» **Assignment**
Only one portion of the data is to be written out: from the line bearing "Provide a succinct answer. 2.70e+07." through the line bearing "in Slovak Republic in 2004?". Write it exactly as it appears.

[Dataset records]
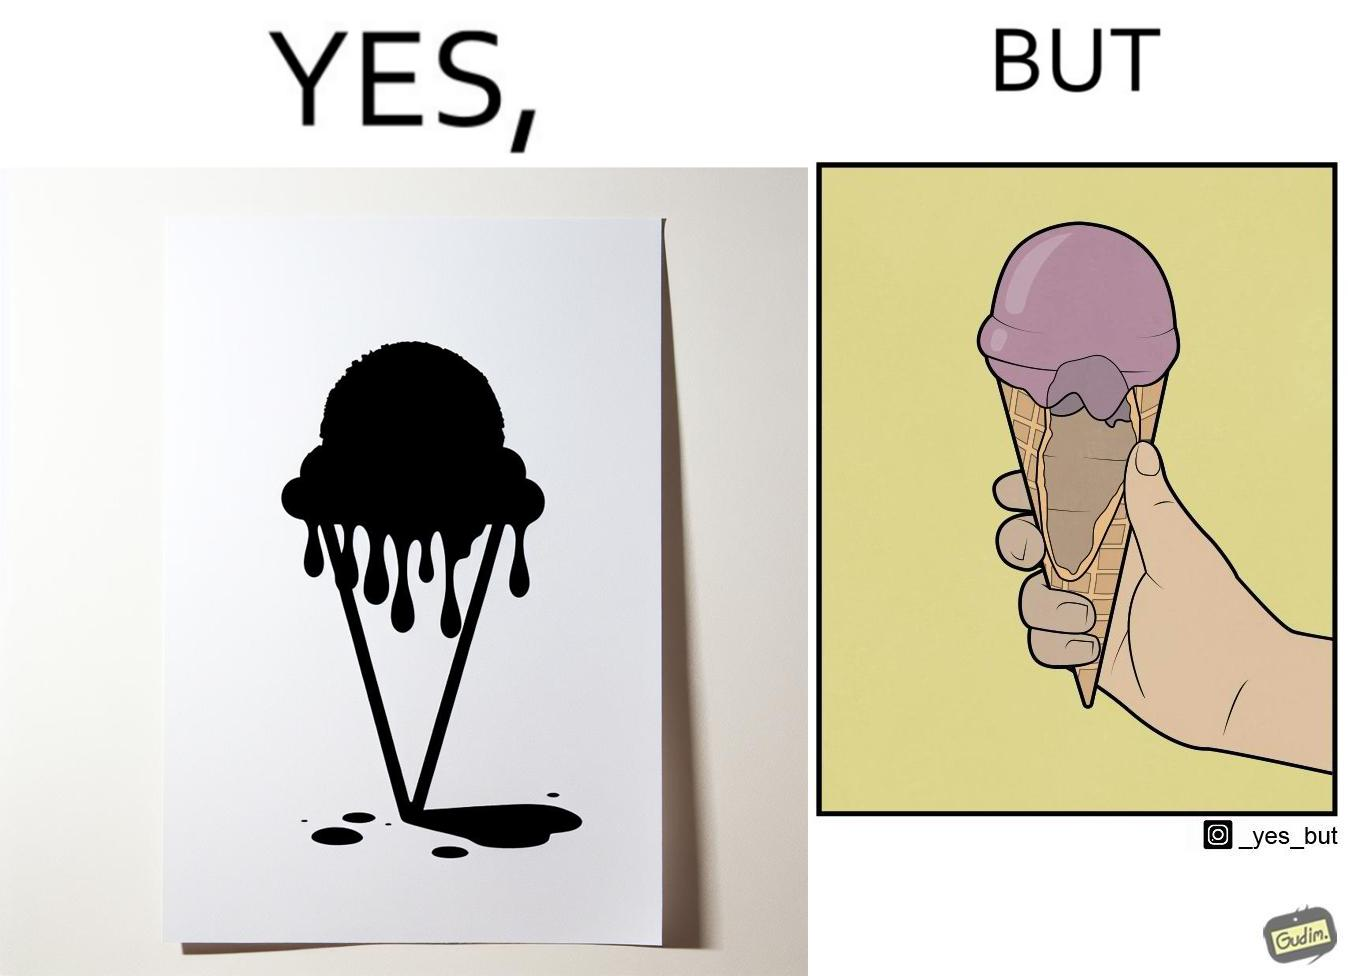What is shown in this image? The image is ironic, because in one image the softy cone is shown filled with softy but in second image it is visible that only the top of the cone is filled and at the inside the cone is vacant 
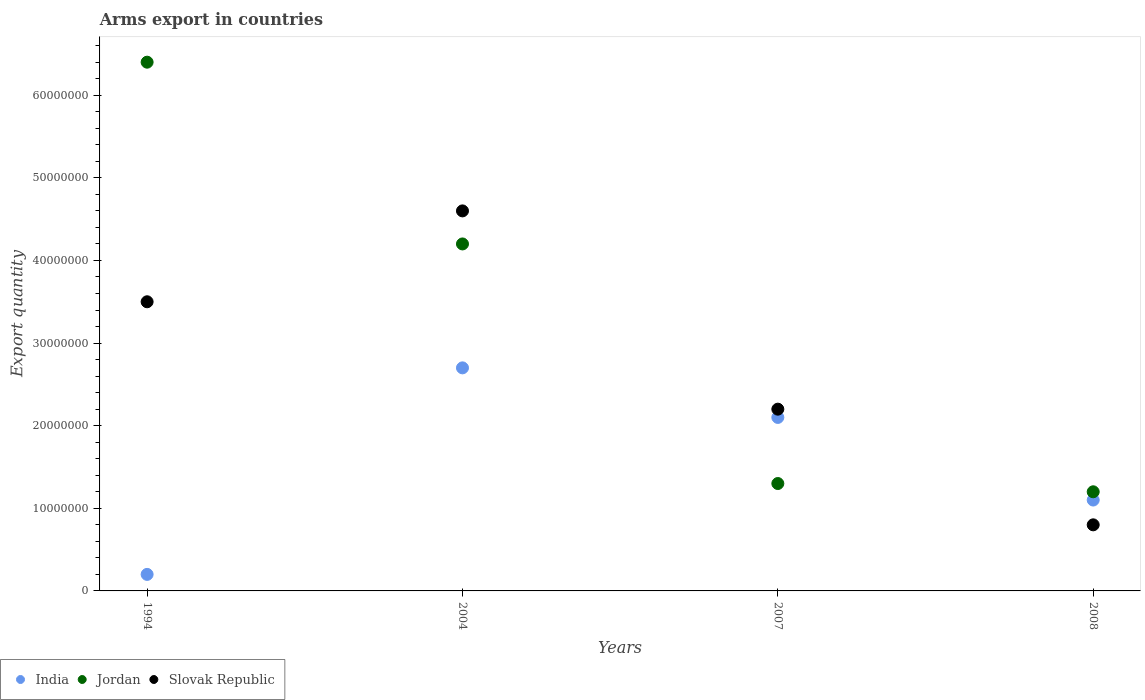Is the number of dotlines equal to the number of legend labels?
Your response must be concise. Yes. What is the total arms export in India in 1994?
Provide a short and direct response. 2.00e+06. Across all years, what is the maximum total arms export in Slovak Republic?
Offer a very short reply. 4.60e+07. Across all years, what is the minimum total arms export in India?
Keep it short and to the point. 2.00e+06. In which year was the total arms export in Jordan maximum?
Your answer should be very brief. 1994. What is the total total arms export in India in the graph?
Provide a succinct answer. 6.10e+07. What is the difference between the total arms export in Slovak Republic in 1994 and that in 2007?
Keep it short and to the point. 1.30e+07. What is the difference between the total arms export in Jordan in 2004 and the total arms export in India in 2008?
Offer a very short reply. 3.10e+07. What is the average total arms export in India per year?
Ensure brevity in your answer.  1.52e+07. In how many years, is the total arms export in Slovak Republic greater than 44000000?
Offer a terse response. 1. What is the ratio of the total arms export in Jordan in 2007 to that in 2008?
Your answer should be compact. 1.08. Is the difference between the total arms export in Slovak Republic in 2007 and 2008 greater than the difference between the total arms export in Jordan in 2007 and 2008?
Your response must be concise. Yes. What is the difference between the highest and the second highest total arms export in Slovak Republic?
Make the answer very short. 1.10e+07. What is the difference between the highest and the lowest total arms export in Slovak Republic?
Offer a terse response. 3.80e+07. In how many years, is the total arms export in Jordan greater than the average total arms export in Jordan taken over all years?
Ensure brevity in your answer.  2. Is the sum of the total arms export in Slovak Republic in 1994 and 2004 greater than the maximum total arms export in India across all years?
Your answer should be compact. Yes. Is it the case that in every year, the sum of the total arms export in Jordan and total arms export in India  is greater than the total arms export in Slovak Republic?
Make the answer very short. Yes. Does the total arms export in Slovak Republic monotonically increase over the years?
Give a very brief answer. No. What is the difference between two consecutive major ticks on the Y-axis?
Ensure brevity in your answer.  1.00e+07. Are the values on the major ticks of Y-axis written in scientific E-notation?
Your answer should be very brief. No. Does the graph contain any zero values?
Give a very brief answer. No. Where does the legend appear in the graph?
Make the answer very short. Bottom left. How many legend labels are there?
Your response must be concise. 3. What is the title of the graph?
Ensure brevity in your answer.  Arms export in countries. What is the label or title of the X-axis?
Ensure brevity in your answer.  Years. What is the label or title of the Y-axis?
Ensure brevity in your answer.  Export quantity. What is the Export quantity of India in 1994?
Make the answer very short. 2.00e+06. What is the Export quantity in Jordan in 1994?
Make the answer very short. 6.40e+07. What is the Export quantity of Slovak Republic in 1994?
Keep it short and to the point. 3.50e+07. What is the Export quantity in India in 2004?
Your response must be concise. 2.70e+07. What is the Export quantity of Jordan in 2004?
Offer a terse response. 4.20e+07. What is the Export quantity of Slovak Republic in 2004?
Offer a very short reply. 4.60e+07. What is the Export quantity in India in 2007?
Offer a very short reply. 2.10e+07. What is the Export quantity of Jordan in 2007?
Give a very brief answer. 1.30e+07. What is the Export quantity of Slovak Republic in 2007?
Keep it short and to the point. 2.20e+07. What is the Export quantity of India in 2008?
Your response must be concise. 1.10e+07. What is the Export quantity of Slovak Republic in 2008?
Make the answer very short. 8.00e+06. Across all years, what is the maximum Export quantity of India?
Provide a short and direct response. 2.70e+07. Across all years, what is the maximum Export quantity of Jordan?
Make the answer very short. 6.40e+07. Across all years, what is the maximum Export quantity of Slovak Republic?
Your answer should be compact. 4.60e+07. Across all years, what is the minimum Export quantity of Jordan?
Give a very brief answer. 1.20e+07. Across all years, what is the minimum Export quantity in Slovak Republic?
Ensure brevity in your answer.  8.00e+06. What is the total Export quantity of India in the graph?
Keep it short and to the point. 6.10e+07. What is the total Export quantity in Jordan in the graph?
Keep it short and to the point. 1.31e+08. What is the total Export quantity of Slovak Republic in the graph?
Keep it short and to the point. 1.11e+08. What is the difference between the Export quantity in India in 1994 and that in 2004?
Offer a terse response. -2.50e+07. What is the difference between the Export quantity in Jordan in 1994 and that in 2004?
Provide a succinct answer. 2.20e+07. What is the difference between the Export quantity in Slovak Republic in 1994 and that in 2004?
Your answer should be very brief. -1.10e+07. What is the difference between the Export quantity in India in 1994 and that in 2007?
Provide a succinct answer. -1.90e+07. What is the difference between the Export quantity in Jordan in 1994 and that in 2007?
Offer a terse response. 5.10e+07. What is the difference between the Export quantity of Slovak Republic in 1994 and that in 2007?
Ensure brevity in your answer.  1.30e+07. What is the difference between the Export quantity of India in 1994 and that in 2008?
Keep it short and to the point. -9.00e+06. What is the difference between the Export quantity in Jordan in 1994 and that in 2008?
Provide a succinct answer. 5.20e+07. What is the difference between the Export quantity in Slovak Republic in 1994 and that in 2008?
Provide a succinct answer. 2.70e+07. What is the difference between the Export quantity of Jordan in 2004 and that in 2007?
Offer a very short reply. 2.90e+07. What is the difference between the Export quantity of Slovak Republic in 2004 and that in 2007?
Offer a terse response. 2.40e+07. What is the difference between the Export quantity of India in 2004 and that in 2008?
Offer a terse response. 1.60e+07. What is the difference between the Export quantity in Jordan in 2004 and that in 2008?
Provide a short and direct response. 3.00e+07. What is the difference between the Export quantity in Slovak Republic in 2004 and that in 2008?
Give a very brief answer. 3.80e+07. What is the difference between the Export quantity of India in 2007 and that in 2008?
Provide a succinct answer. 1.00e+07. What is the difference between the Export quantity in Jordan in 2007 and that in 2008?
Make the answer very short. 1.00e+06. What is the difference between the Export quantity in Slovak Republic in 2007 and that in 2008?
Your response must be concise. 1.40e+07. What is the difference between the Export quantity in India in 1994 and the Export quantity in Jordan in 2004?
Give a very brief answer. -4.00e+07. What is the difference between the Export quantity of India in 1994 and the Export quantity of Slovak Republic in 2004?
Ensure brevity in your answer.  -4.40e+07. What is the difference between the Export quantity in Jordan in 1994 and the Export quantity in Slovak Republic in 2004?
Your answer should be very brief. 1.80e+07. What is the difference between the Export quantity in India in 1994 and the Export quantity in Jordan in 2007?
Ensure brevity in your answer.  -1.10e+07. What is the difference between the Export quantity in India in 1994 and the Export quantity in Slovak Republic in 2007?
Provide a succinct answer. -2.00e+07. What is the difference between the Export quantity in Jordan in 1994 and the Export quantity in Slovak Republic in 2007?
Your response must be concise. 4.20e+07. What is the difference between the Export quantity in India in 1994 and the Export quantity in Jordan in 2008?
Provide a short and direct response. -1.00e+07. What is the difference between the Export quantity in India in 1994 and the Export quantity in Slovak Republic in 2008?
Your response must be concise. -6.00e+06. What is the difference between the Export quantity of Jordan in 1994 and the Export quantity of Slovak Republic in 2008?
Your response must be concise. 5.60e+07. What is the difference between the Export quantity of India in 2004 and the Export quantity of Jordan in 2007?
Offer a terse response. 1.40e+07. What is the difference between the Export quantity in India in 2004 and the Export quantity in Slovak Republic in 2007?
Offer a terse response. 5.00e+06. What is the difference between the Export quantity of India in 2004 and the Export quantity of Jordan in 2008?
Provide a short and direct response. 1.50e+07. What is the difference between the Export quantity in India in 2004 and the Export quantity in Slovak Republic in 2008?
Provide a short and direct response. 1.90e+07. What is the difference between the Export quantity of Jordan in 2004 and the Export quantity of Slovak Republic in 2008?
Your answer should be very brief. 3.40e+07. What is the difference between the Export quantity in India in 2007 and the Export quantity in Jordan in 2008?
Keep it short and to the point. 9.00e+06. What is the difference between the Export quantity of India in 2007 and the Export quantity of Slovak Republic in 2008?
Ensure brevity in your answer.  1.30e+07. What is the difference between the Export quantity of Jordan in 2007 and the Export quantity of Slovak Republic in 2008?
Give a very brief answer. 5.00e+06. What is the average Export quantity of India per year?
Your response must be concise. 1.52e+07. What is the average Export quantity in Jordan per year?
Provide a succinct answer. 3.28e+07. What is the average Export quantity in Slovak Republic per year?
Your answer should be very brief. 2.78e+07. In the year 1994, what is the difference between the Export quantity of India and Export quantity of Jordan?
Give a very brief answer. -6.20e+07. In the year 1994, what is the difference between the Export quantity in India and Export quantity in Slovak Republic?
Keep it short and to the point. -3.30e+07. In the year 1994, what is the difference between the Export quantity in Jordan and Export quantity in Slovak Republic?
Ensure brevity in your answer.  2.90e+07. In the year 2004, what is the difference between the Export quantity in India and Export quantity in Jordan?
Make the answer very short. -1.50e+07. In the year 2004, what is the difference between the Export quantity of India and Export quantity of Slovak Republic?
Ensure brevity in your answer.  -1.90e+07. In the year 2004, what is the difference between the Export quantity of Jordan and Export quantity of Slovak Republic?
Keep it short and to the point. -4.00e+06. In the year 2007, what is the difference between the Export quantity in India and Export quantity in Jordan?
Provide a short and direct response. 8.00e+06. In the year 2007, what is the difference between the Export quantity in India and Export quantity in Slovak Republic?
Your response must be concise. -1.00e+06. In the year 2007, what is the difference between the Export quantity in Jordan and Export quantity in Slovak Republic?
Make the answer very short. -9.00e+06. In the year 2008, what is the difference between the Export quantity of India and Export quantity of Jordan?
Your response must be concise. -1.00e+06. What is the ratio of the Export quantity of India in 1994 to that in 2004?
Provide a short and direct response. 0.07. What is the ratio of the Export quantity in Jordan in 1994 to that in 2004?
Give a very brief answer. 1.52. What is the ratio of the Export quantity in Slovak Republic in 1994 to that in 2004?
Keep it short and to the point. 0.76. What is the ratio of the Export quantity in India in 1994 to that in 2007?
Your answer should be compact. 0.1. What is the ratio of the Export quantity of Jordan in 1994 to that in 2007?
Your answer should be very brief. 4.92. What is the ratio of the Export quantity of Slovak Republic in 1994 to that in 2007?
Provide a short and direct response. 1.59. What is the ratio of the Export quantity in India in 1994 to that in 2008?
Make the answer very short. 0.18. What is the ratio of the Export quantity of Jordan in 1994 to that in 2008?
Your response must be concise. 5.33. What is the ratio of the Export quantity of Slovak Republic in 1994 to that in 2008?
Your answer should be very brief. 4.38. What is the ratio of the Export quantity of Jordan in 2004 to that in 2007?
Provide a short and direct response. 3.23. What is the ratio of the Export quantity in Slovak Republic in 2004 to that in 2007?
Keep it short and to the point. 2.09. What is the ratio of the Export quantity in India in 2004 to that in 2008?
Your answer should be compact. 2.45. What is the ratio of the Export quantity in Jordan in 2004 to that in 2008?
Ensure brevity in your answer.  3.5. What is the ratio of the Export quantity in Slovak Republic in 2004 to that in 2008?
Offer a terse response. 5.75. What is the ratio of the Export quantity of India in 2007 to that in 2008?
Ensure brevity in your answer.  1.91. What is the ratio of the Export quantity of Slovak Republic in 2007 to that in 2008?
Provide a short and direct response. 2.75. What is the difference between the highest and the second highest Export quantity of Jordan?
Provide a short and direct response. 2.20e+07. What is the difference between the highest and the second highest Export quantity of Slovak Republic?
Ensure brevity in your answer.  1.10e+07. What is the difference between the highest and the lowest Export quantity of India?
Keep it short and to the point. 2.50e+07. What is the difference between the highest and the lowest Export quantity of Jordan?
Ensure brevity in your answer.  5.20e+07. What is the difference between the highest and the lowest Export quantity of Slovak Republic?
Provide a short and direct response. 3.80e+07.

» **Result for this task**
Provide a succinct answer. 2.70e+07. What is the difference between the Export quantity of Jordan in 2004 and that in 2007?
Offer a very short reply. 2.90e+07. What is the difference between the Export quantity of Slovak Republic in 2004 and that in 2007?
Offer a terse response. 2.40e+07. What is the difference between the Export quantity of India in 2004 and that in 2008?
Offer a terse response. 1.60e+07. What is the difference between the Export quantity in Jordan in 2004 and that in 2008?
Provide a short and direct response. 3.00e+07. What is the difference between the Export quantity in Slovak Republic in 2004 and that in 2008?
Give a very brief answer. 3.80e+07. What is the difference between the Export quantity of India in 2007 and that in 2008?
Provide a succinct answer. 1.00e+07. What is the difference between the Export quantity in Jordan in 2007 and that in 2008?
Make the answer very short. 1.00e+06. What is the difference between the Export quantity in Slovak Republic in 2007 and that in 2008?
Your response must be concise. 1.40e+07. What is the difference between the Export quantity in India in 1994 and the Export quantity in Jordan in 2004?
Give a very brief answer. -4.00e+07. What is the difference between the Export quantity of India in 1994 and the Export quantity of Slovak Republic in 2004?
Ensure brevity in your answer.  -4.40e+07. What is the difference between the Export quantity in Jordan in 1994 and the Export quantity in Slovak Republic in 2004?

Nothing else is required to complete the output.